I learned this as a cub reporter in Chicago in the 1950s, an era and place of journalism raw and less sophisticated than that practiced today by daintier elements of the press. But we, unlike many journalists today, had to live by a stern rule: “If your mother says she loves you, check it out.”

Editors sitting in seminars on product branding and marketing — tools of profit building — don’t have time to double-check mom.

Significantly, although the watchdog press was barking at everyone else in sight, it wasn’t barking at itself. Few journalistic felonies in the past two or three years were uncovered by competing news organizations. There is no sustained surveillance of each other by newspapers that take as their God-given mission the surveillance of all institutions of power in our society.

Not that many in journalism, our aspiring journalists included, don’t try to do the right thing.

My Grady College course in journalism ethics always is my most lively, and I am impressed by how intently my students concentrate on learning to do journalism the right way. Ethics and social responsibility are components of all our newspaper and magazine courses.

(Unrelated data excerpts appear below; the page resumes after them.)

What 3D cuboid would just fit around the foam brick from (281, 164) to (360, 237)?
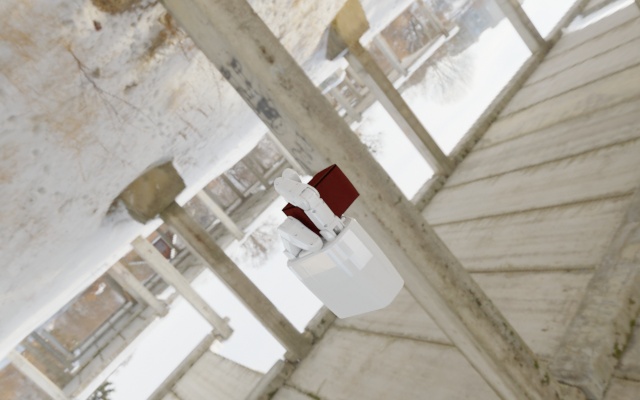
[{"bbox_3d":[0.000,0.002,0.601,0.078,0.051,0.053,-47,12,-25],"label":"foam brick"}]
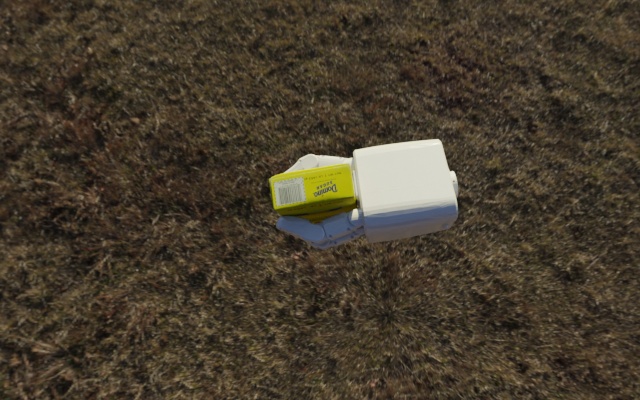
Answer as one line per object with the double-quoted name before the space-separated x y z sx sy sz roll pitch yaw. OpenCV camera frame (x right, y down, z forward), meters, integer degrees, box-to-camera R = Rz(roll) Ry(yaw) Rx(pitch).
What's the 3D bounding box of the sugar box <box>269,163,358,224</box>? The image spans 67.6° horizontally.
"sugar box" 0.000 0.002 0.606 0.093 0.048 0.176 -9 -14 6
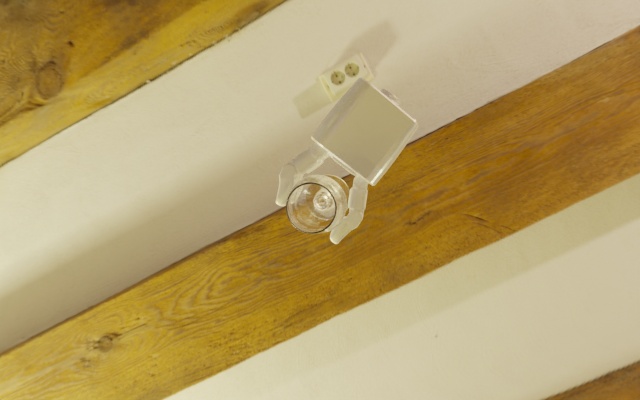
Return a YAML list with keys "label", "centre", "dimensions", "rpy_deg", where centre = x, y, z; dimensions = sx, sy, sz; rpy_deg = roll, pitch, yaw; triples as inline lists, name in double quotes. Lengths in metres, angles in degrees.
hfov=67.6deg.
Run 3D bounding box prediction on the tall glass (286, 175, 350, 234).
- label: "tall glass"
  centre: [0.000, 0.002, 0.667]
  dimensions: [0.079, 0.079, 0.201]
  rpy_deg: [0, 4, 7]
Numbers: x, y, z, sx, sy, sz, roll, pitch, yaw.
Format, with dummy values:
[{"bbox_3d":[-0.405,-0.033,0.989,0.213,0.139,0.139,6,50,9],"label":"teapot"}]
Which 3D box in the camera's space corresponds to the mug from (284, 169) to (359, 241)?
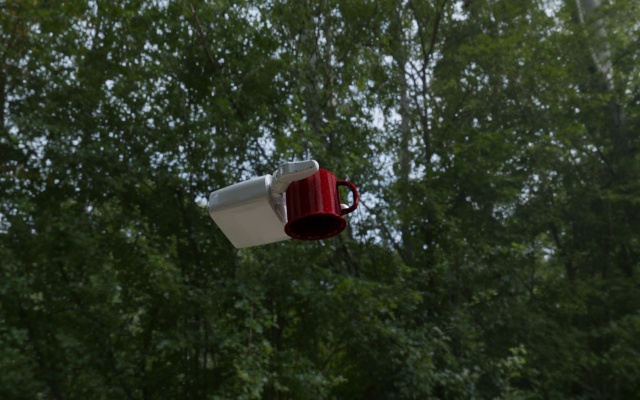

In professional journalism, every leading organization has a code of ethics. And nothing in my 50 years has been discussed more by editors and our professional associations than ethics.

So, why the failures?

Why, indeed, did two Grady students last year acknowledge they ignored all they learned in the classroom and submitted plagiarized articles to the independent student-run Red and Black newspaper?

Importantly, what lessons are in all this for academia and media?

For the media, two steps are crucial:

First, managers must develop the backbone to resist what I call the Rising Tide of Shareholder Expectation — the unending short-term pressure for ever-increased profit, even at the expense of long-term journalistic excellence and future viability. Current profit margins of 20 percent to 25 percent or more cannot be sustained if newsrooms are to create the journalism that will ensure even that there are newspapers in the future.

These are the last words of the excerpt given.